After a speedy ride of 3hrs we arrive at the Uma Agung Villa in Sidemen. This location is stunning! We have a room with view on ricepaddies. The rooms are large with spacious bathrooms. The kids dive into the swimming pool. We hesitate to extend our stay with one day. However, the weather is not on our side and it is cloudy and wet, not improving in the next days. We hear from the homefront that the weather in Belgium has not improved, with rain and cold temperatures continuing.  Sidemen almost feels like home but a bit warmer. Another thing which makes us think about home is the call of the roosters in the morning (also in Munduk), and the extended section of western dishes on the menu.

Saturday 14 july
Today we explore Sidemen in the morning. All around are ricefields and chiliplantations. I tried the chilies.
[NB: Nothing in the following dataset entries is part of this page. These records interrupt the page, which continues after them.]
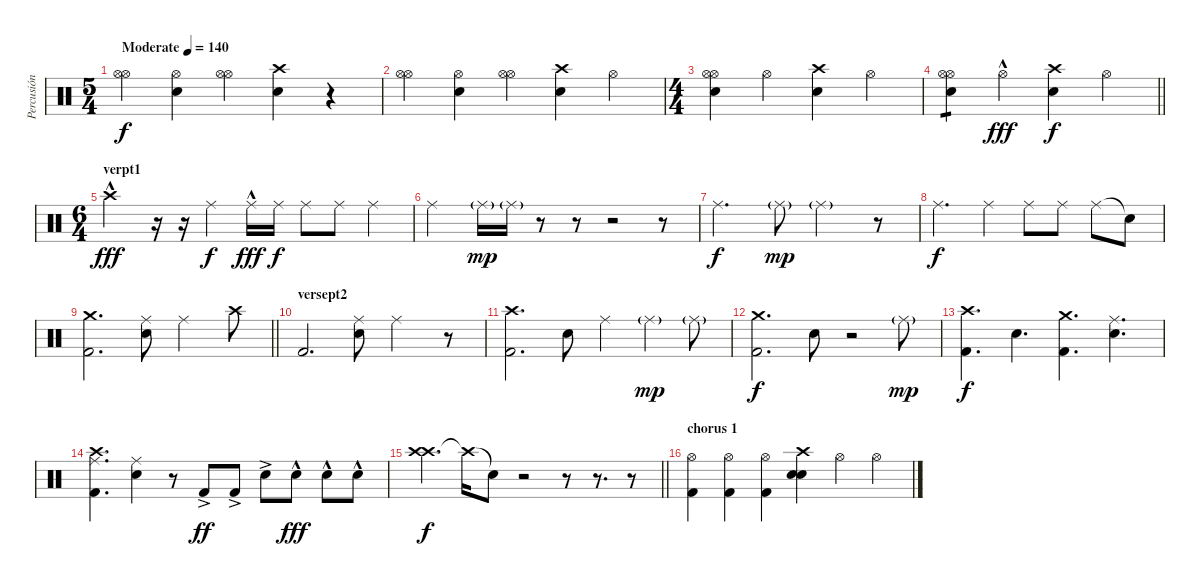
\track ("Percusión" "Percusión") {instrument percussion}
\staff {score}
\articulation defaults
\ts (5 4)
\tempo (140 "Moderate")
\clef neutral
\ks c
("Hi-Hat (open)" "Hi-Hat (open)").4{dy f} ("Hi-Hat (open)" "Electric Snare (hit)").4 ("Hi-Hat (open)" "Hi-Hat (open)").4 ("Crash high (hit)" "Electric Snare (hit)").4 r.4 |
("Hi-Hat (open)" "Hi-Hat (open)").4 ("Hi-Hat (open)" "Electric Snare (hit)").4 ("Hi-Hat (open)" "Hi-Hat (open)").4 ("Crash high (hit)" "Electric Snare (hit)").4 "Hi-Hat (open)".4 |
\ts (4 4)
("Hi-Hat (open)" "Hi-Hat (open)" "Electric Snare (hit)").4 "Hi-Hat (open)".4 ("Crash high (hit)" "Electric Snare (hit)").4 "Hi-Hat (open)".4 |
\barLineRight lightlight
("Hi-Hat (open)" "Hi-Hat (open)" "Electric Snare (hit)").4{tp 1} "Hi-Hat (open)"{hac}.4{dy fff} ("Crash high (hit)" "Electric Snare (hit)").4{dy f} "Hi-Hat (open)".4 |
\ts (6 4)
\section ("" "verpt1")
"Crash high (hit)"{hac}.2{dy fff} r.16 r.16 "Ride (middle)".4{dy f} "Ride (middle)"{hac}.16{dy fff} "Ride (middle)".16{dy f} "Ride (middle)".8 "Ride (middle)".8 "Ride (middle)".4 |
"Ride (middle)".2 "Ride (middle)"{g}.16{dy mp} "Ride (middle)"{g}.16 r.8 r.8 r.2 r.8 |
"Ride (middle)".2{d dy f} "Ride (middle)"{g}.8{dy mp} "Ride (middle)"{g}.2 r.8 |
"Ride (middle)".2{d dy f} "Ride (middle)".4 "Ride (middle)".8 "Ride (middle)".8 "Ride (middle)".8 "Snare (hit)"{t}.8 |
\barLineRight lightlight
("Crash medium (hit)" "Kick (hit) 2").2{d} ("Ride (middle)" "Electric Snare (hit)").8 "Ride (middle)".2 "Crash high (hit)".8 |
\section ("" "versept2")
"Kick (hit) 2".2{d} ("Ride (middle)" "Electric Snare (hit)").8 "Ride (middle)".2 r.8 |
("Crash high (hit)" "Kick (hit) 2").2{d} "Electric Snare (hit)".8 "Ride (middle)".4 "Ride (middle)"{g}.4{dy mp} "Ride (middle)"{g}.8 |
("Crash medium (hit)" "Kick (hit) 2").2{d dy f} "Electric Snare (hit)".8 r.2 "Ride (middle)"{g}.8{dy mp} |
("Crash high (hit)" "Kick (hit) 2").4{d dy f} "Electric Snare (hit)".4{d} ("Crash medium (hit)" "Kick (hit) 2").4{d} ("Ride (middle)" "Electric Snare (hit)").4{d} |
("Crash high (hit)" "Ride (middle)" "Kick (hit) 2").4{d} ("Ride (middle)" "Electric Snare (hit)").4 r.8 "Kick (hit) 2"{ac}.8{dy ff volume 16} "Kick (hit) 2"{ac}.8 "Snare (hit) 2"{ac}.8 "Snare (hit) 2"{hac}.8{dy fff} "Snare (hit) 2"{hac}.8 "Snare (hit) 2"{hac}.8 |
\barLineRight lightlight
("Crash high (hit)" "Crash high (hit)").4{d dy f} "Crash high (hit)"{t}.16 "Snare (hit)"{t}.8 r.2 r.8 r.8{d} r.8 |
\section ("" "chorus 1")
("Hi-Hat (open)" "Kick (hit) 2").4 ("Hi-Hat (open)" "Kick (hit) 2").4 ("Hi-Hat (open)" "Kick (hit) 2").4 ("Crash high (hit)" "Electric Snare (hit)" "Electric Snare (hit)").4 "Hi-Hat (open)".4 "Hi-Hat (open)".4

The taste is good, a bit like sweet paprika; with a knack the pod explodes when you bite and the juice of the chili invades your mouth. First sweet, then warm until the sides of your tongue tingle and hurt when you breathe in. After a few minutes it's gone. Yes, they are hot, but  not the hottest I've eaten. Anja stops with the tip, while I could have had a second one.
Every house here has their own Pura (temple). In Munduk it wasn't that apparent yet, but here it is clear that Hinduism is a part of daily life, with offerings in the morning, mid day and evening. For ceremonies it is the Hindu calendar period of cremations and death. Curiously, funerals ceremonies are being held everywhere we pass or go. Are all Balinese Hindu dying in this lunar month ? Or are special ceremonies held with the ashes of cremation of all those who died in the past year ? Another noticeable thing is that, compared to Java, there are no imams calling for prayer at 5AM or anytime during the day. However, the Muslims in Java also live their religion to the fullest with prayers multiple times per day. In the afternoon we all have massages at the spa of the hotel.

Sunday 15 july

Today we have planned a trip bringing us to Besakih, Pura Kehen in Bangli, Tirta Empul near Tampaksiring and via Klungkung (Kerta Gosa and traditional market) back to Sidemen.
Pickup is at 7AM and we are at Besakih at 8AM, before the tourists arrive. Actually, the ticket office is not even open yet, and we get the tickets from an official on a scooter. The cars have to park about 800m from the entrance of the temple complex, so the tourists have to walk 800m along souvenir shops and warungs. As we are so early only a few shops are open and no touts are there. We enter the Besakih temple complex as first visitors of the day. Besakih is considered the most holy temple on Bali by Balinese Hindus. Regularly, ceremonies are held for any of the 50 or so gods housed in this complex. It is huge. As non-Hindu we cannot enter any of the temples themselves, we can only walk around in between them. It is rather special, being the only ones there and gives us a feeling of a ghostly abandoned temple complex, hidden in the clouds. However after some time we see that in the largest temple, a ceremony is going on, but the height of the walls makes it difficult to follow. In another smaller complex Hindu believers are arriving, dressed on their Sunday's best and light incence sticks before they enter. Although the Balinese are open about their beliefs, we do get the looks of some of them. As we go back, more Balinese are entering the main temple. Its about 9.15 when we leave the temple and the first bus of tourists arrives. Next is a stop at Pura Kehen in Bangli on our way to Tirta Empul. When we arrive about 3 minibusses are already there. Ai ! Tourists we think. Entering the temple, we hear the singing along for a Hindu ceremony. About twenty Balinese are sitting in group to pray for the temple god. We are the only tourists there and keep our distance to show respect. I only take a few pictures. They do notice us. We put our hands together and make a little bow to show respect and say hello. The ceremony takes about 10 minutes. The temple is one of the most beautiful temples we've seen so far.
We continue to Tirta Empul, to see the bathing of Hindu in the holy waters. When we get there we first go through a building with a large pond with koi fish. Koi fish of about 1m long, to much of Sietse's interest. Then enter the holy place which contains individual ceremonial temples. Many tourists are there. The temple has a functional meaning and ceremonies are held per family. Sometimes 10, sometimes 20 Balinese family members are praying in public. Some tourists don't care and walk around without taking much distance. After this court is a pond where the source of the water is. It is like a fumarole blowing out silver-grey sand. This water then pours in the baths where Balinese families are bathing. When we enter this place, it feels like a privilege that we can be observers to this. Non-Hindus cannot bathe here. We stay some time to follow the process of this ritual washing.